Still, even in defeat, it is unlikely Kilfoyle will come along quietly. He will be his own man, as always.
Unite the unions?
It is unusual for a gossip columnist to find they write for a magazine that is the source of the most interesting gossip in your subject area. It is like writing for Hello! and finding your editor is in a bitter public row with Katie Price over Peter Andre.
For Katie Price, read Paul Kenny. For Peter Andre, read Ed Miliband. To see how far your insider can stretch this dubious metaphor, read on.
You see, dear reader, you are currently reading a magazine that the general secretary of the GMB thinks should be outlawed from the Labour movement.
It is not clear what this will actually mean. The increasing centralisation and political coordination of the key Labour-affiliated unions mean they could likely get a resolution onto Labour’s conference agenda, and the structure of Labour conference voting means they could win any motion put at the conference floor. But, practically, how do you outlaw people who disagree with you?
Further, Miliband has said he disagrees with the idea, so would the unions really want to publicly undermine a leader they claim to support in order to settle some factional scores?
So, while it is unlikely Progress will disappear, taking this magazine with it, the attack suggests the readers of this magazine would do well to pay a bit more attention to the politics of the union movement.
After the Kinnock years, union structures became a refuge for those who found they had no position in the Labour party itself.

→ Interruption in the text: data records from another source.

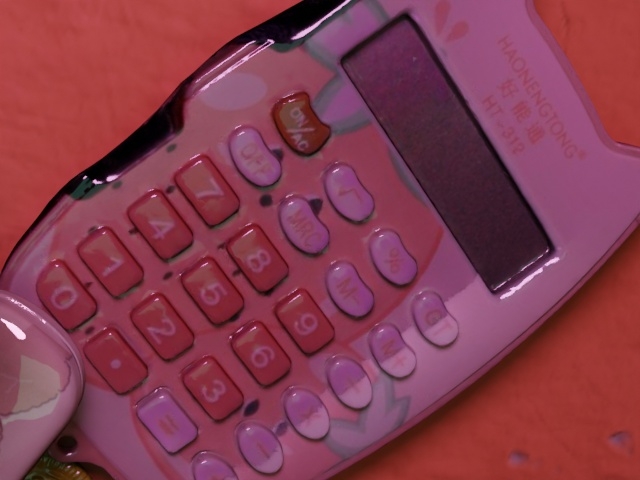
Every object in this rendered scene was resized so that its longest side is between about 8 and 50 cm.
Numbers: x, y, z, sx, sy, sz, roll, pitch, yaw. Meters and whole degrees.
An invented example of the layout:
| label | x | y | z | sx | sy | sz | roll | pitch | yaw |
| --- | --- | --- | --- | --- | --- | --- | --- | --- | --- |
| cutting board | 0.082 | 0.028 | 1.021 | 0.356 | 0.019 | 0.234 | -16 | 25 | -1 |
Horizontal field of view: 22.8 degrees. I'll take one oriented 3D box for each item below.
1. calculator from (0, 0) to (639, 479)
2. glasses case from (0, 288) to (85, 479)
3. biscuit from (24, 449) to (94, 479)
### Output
| label | x | y | z | sx | sy | sz | roll | pitch | yaw |
| --- | --- | --- | --- | --- | --- | --- | --- | --- | --- |
| calculator | 0.000 | 0.000 | 0.768 | 0.330 | 0.048 | 0.220 | -37 | 117 | -4 |
| glasses case | -0.186 | 0.110 | 0.722 | 0.081 | 0.051 | 0.204 | 38 | 104 | -5 |
| biscuit | -0.148 | 0.138 | 0.777 | 0.084 | 0.023 | 0.084 | -6 | 109 | -18 |
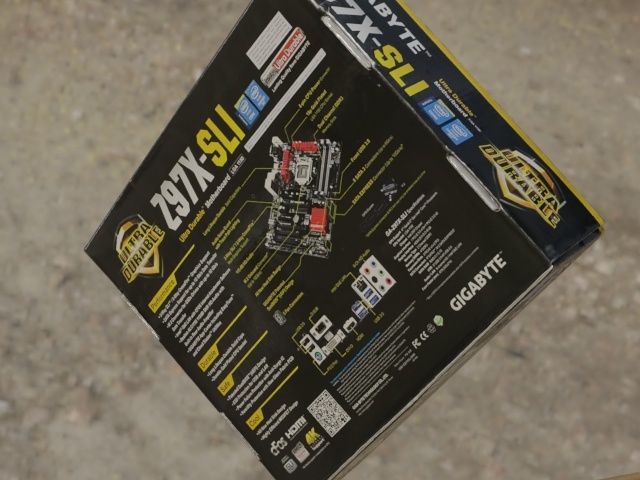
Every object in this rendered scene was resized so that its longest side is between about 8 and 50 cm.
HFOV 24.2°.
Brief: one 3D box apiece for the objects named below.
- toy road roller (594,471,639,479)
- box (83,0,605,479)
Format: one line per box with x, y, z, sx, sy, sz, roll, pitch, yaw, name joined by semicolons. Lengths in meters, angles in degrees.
0.189;0.236;0.748;0.330;0.240;0.202;-8;-2;-29;toy road roller
0.000;0.000;1.017;0.257;0.322;0.079;50;42;11;box
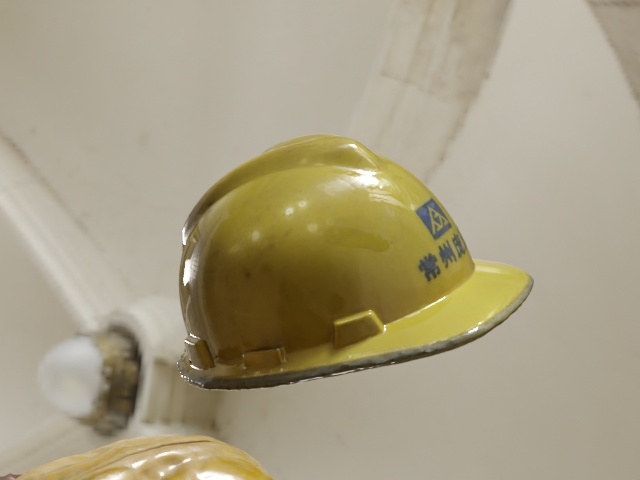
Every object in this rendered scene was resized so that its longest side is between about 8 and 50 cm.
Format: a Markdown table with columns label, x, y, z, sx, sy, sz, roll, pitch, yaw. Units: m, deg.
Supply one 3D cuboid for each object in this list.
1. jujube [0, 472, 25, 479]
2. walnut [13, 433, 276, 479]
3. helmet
| label | x | y | z | sx | sy | sz | roll | pitch | yaw |
| --- | --- | --- | --- | --- | --- | --- | --- | --- | --- |
| jujube | -0.213 | 0.289 | 1.137 | 0.376 | 0.258 | 0.258 | -40 | -129 | 52 |
| walnut | -0.096 | 0.183 | 0.861 | 0.165 | 0.197 | 0.165 | 18 | -62 | 39 |
| helmet | 0.000 | 0.000 | 1.096 | 0.257 | 0.205 | 0.140 | -11 | -75 | 33 |

The growing consolidation of unions gave a critical mass to the left, internal opposition to Labour reformism gave them a sense of purpose and low turnout created conditions where a limited number of committed activists could make a difference.
For those broadly happy with the Labour leadership, there were generally more interesting and attractive things to do than fight endless tussles with the far-left over obscure committees. Nor did the leadership encourage grassroots activism. It was easier for successive leaders to reach agreement with general secretaries, then leave them to manage their empires. In power, when there was something tangible to grant, and authority flowed one way, this was sustainable. In opposition, it is not.
So, before you attack the GMB, or Unite, or Unison, for their apparent slide to the left, or launch an excoriating attack on the presence of Communists and Trots on union platforms, ask yourself some questions. Who do you want on the National Council of Unison? What value is your support to the moderate candidate in the next Unite general secretary election? What practical benefit to Unite is the Labour right compared to what Mark Serwotka can offer?
If the answers, like those of your humble insider, are ‘no idea’, ‘nowt’ and ‘nothing’, respectively, then perhaps we will find that Labour’s own Peter Andre will find it hard to ignore Katie Price’s assets.
Changing of the guard
The results of the National Executive Committee elections are in, and it is a case of ‘goodbye and hello again’, as former NEC member Peter Wheeler replaces fellow Progress-Labour Firster Luke Akehurst.
Akehurst was unlucky to miss out – three candidates for the final NEC place were separated by fewer than three hundred votes, on a turnout down due to the 2010 leadership election boosting participation. Akehurst may also have suffered from lower London turnout in the absence of a mayoral selection race as there was last time.
Beneath the minimal changes to the NEC, some shifts are clear. The lack of a ‘big name’ candidate hurt the Progress-Labour First slate. Last time Oona King came a clear second. This time, with Ken Livingstone topping the poll, the left faction got first and second and were not far from grabbing third.
For good or ill, being a recognised ‘name’ is a big help in the NEC elections. So perhaps the search for a star should begin now if Labour’s centrists are to gain a seat in two years’ time.
It is also noticeable that the left had two near-misses, Kate Osamor and Peter Willsman joining Akehurst in falling short by a few hundred votes. This suggests the left’s ‘floor’ was fairly high, probably lifted by the coat-tails of Livingstone and Ann Black.
In the National Policy Forum, too, things stayed much the same, with a centrist advance in Scotland balanced by left success in Yorkshire. It is all very ‘as you were’!